Javascript Calendars for Lazy Webmasters - nreece
http://www.javascript-examples.com/javascript-calendars/
======
jawngee
_ring_

 _ring_

"Hello? Yes, I understand. Yes, I will tell him."

 _click_

That was 1996 calling. Apparently they've been looking for that word
"webmaster" and would like it back.

I'm just the messenger...

------
sc
<http://stephencelis.com/projects/timeframe>

------
bprater
Lazy?! How about 'efficient'?

------
snprbob86
I went looking for a decent cross-browser calendar control a few months ago.
Unfortunately, I couldn't find any that remotely fit my needs.

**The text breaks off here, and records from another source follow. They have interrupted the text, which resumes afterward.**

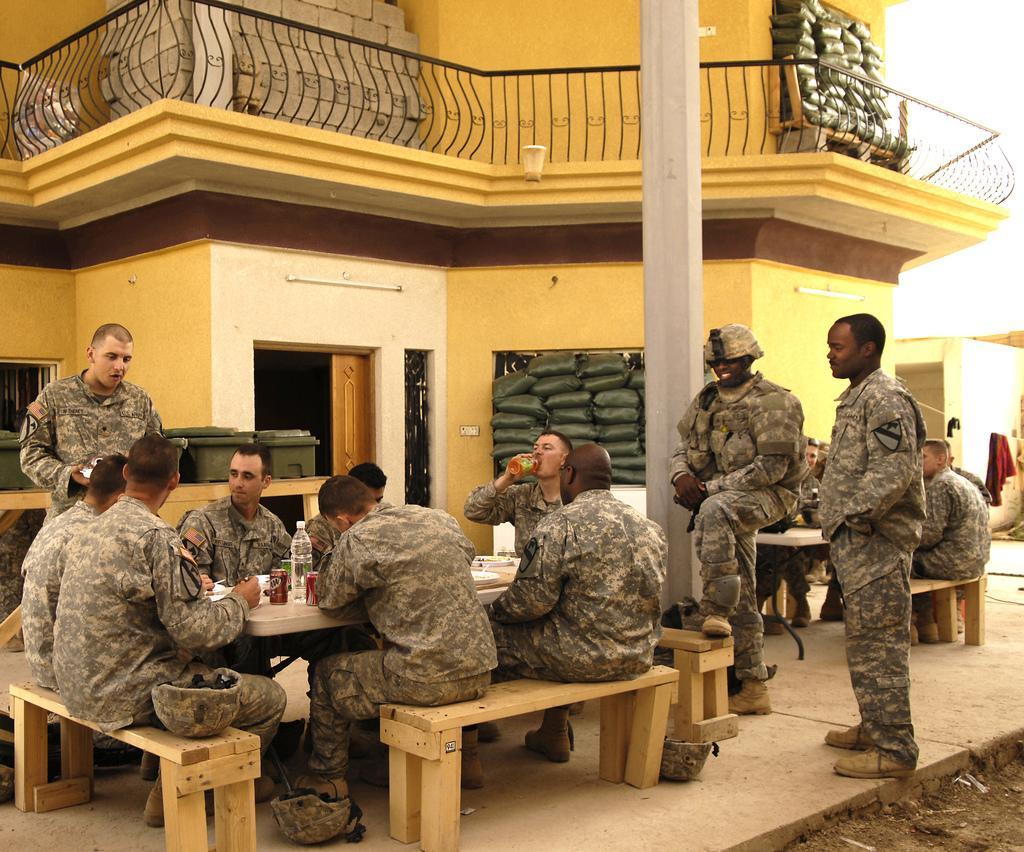Could you give a brief overview of what you see in this image? In the given image we can see that, the army people are sitting and some of them are standing. These are the water bottles, beside them there is a building and a pole. 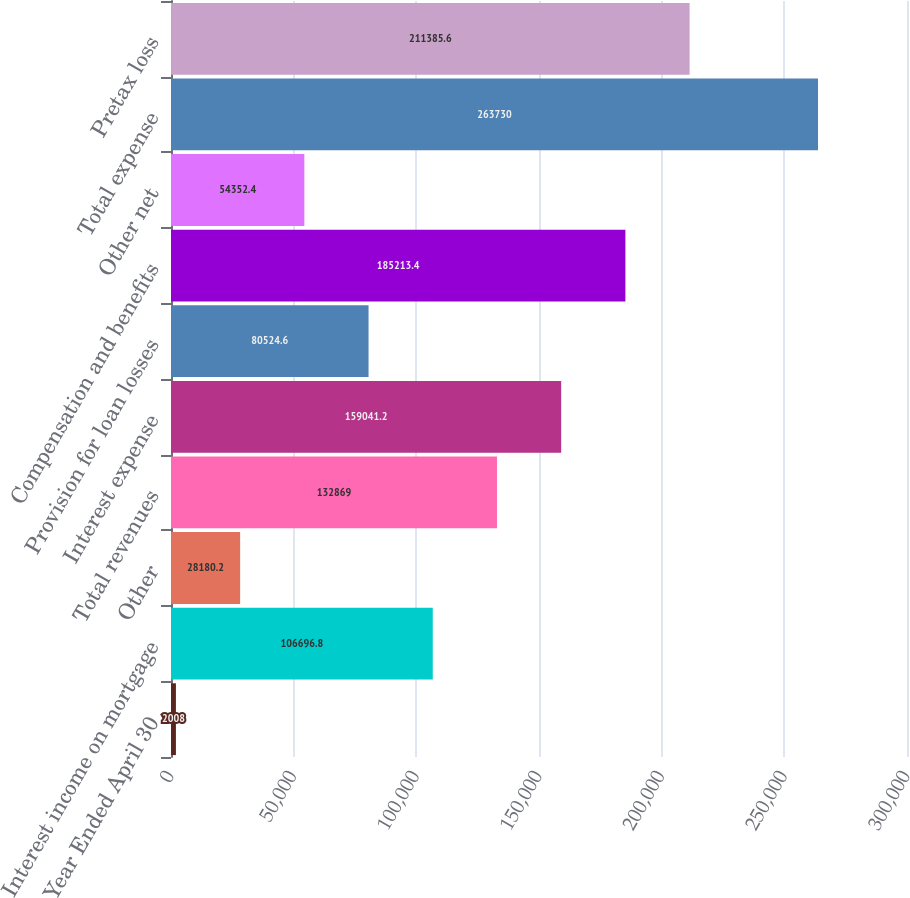<chart> <loc_0><loc_0><loc_500><loc_500><bar_chart><fcel>Year Ended April 30<fcel>Interest income on mortgage<fcel>Other<fcel>Total revenues<fcel>Interest expense<fcel>Provision for loan losses<fcel>Compensation and benefits<fcel>Other net<fcel>Total expense<fcel>Pretax loss<nl><fcel>2008<fcel>106697<fcel>28180.2<fcel>132869<fcel>159041<fcel>80524.6<fcel>185213<fcel>54352.4<fcel>263730<fcel>211386<nl></chart> 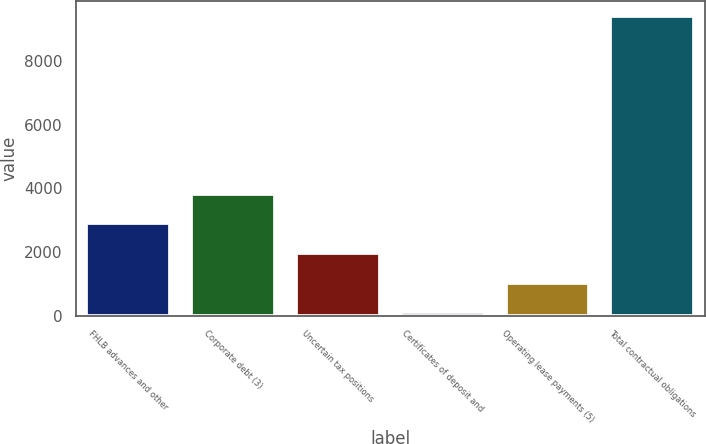<chart> <loc_0><loc_0><loc_500><loc_500><bar_chart><fcel>FHLB advances and other<fcel>Corporate debt (3)<fcel>Uncertain tax positions<fcel>Certificates of deposit and<fcel>Operating lease payments (5)<fcel>Total contractual obligations<nl><fcel>2899.37<fcel>3829.26<fcel>1969.48<fcel>109.7<fcel>1039.59<fcel>9408.6<nl></chart> 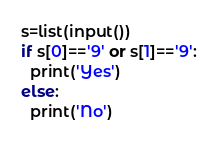Convert code to text. <code><loc_0><loc_0><loc_500><loc_500><_Python_>s=list(input())
if s[0]=='9' or s[1]=='9':
  print('Yes')
else:
  print('No')</code> 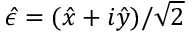<formula> <loc_0><loc_0><loc_500><loc_500>\hat { \epsilon } = ( \hat { x } + i \hat { y } ) / \sqrt { 2 }</formula>

First, most of these are "date pickers" aka "date drop downs" instead of full
blown calendars. Second, I need a lot of customization. For example, I want to
be able to display a weekly calendar without dates. Or a monthly-style
calendar which shows the current and next 3 weeks instead of named months. It
needs to be skinnable to match my site as well as provide hooks for high level
events like day-clicked. Ideally, I'd like both a server-side Python API for
generating calendar HTML and a client Javascript API for manipulating an
existing calendar. I know that's a tall order, but I couldn't find anything
even close to that.

Rolling my own was difficult and time consuming. Luckily, I only needed
prototype quality for now.

------
mjnaus
It looks like they copied the content from a post on Smashing Magazine from
last year: [http://www.smashingmagazine.com/2007/10/23/online-
calendars-...](http://www.smashingmagazine.com/2007/10/23/online-calendars-
and-date-pickers/)

------
halo
These will all be made largely redundant in the coming years as HTML5 contains
an input type for dates which will allow the browser to deal with the problem.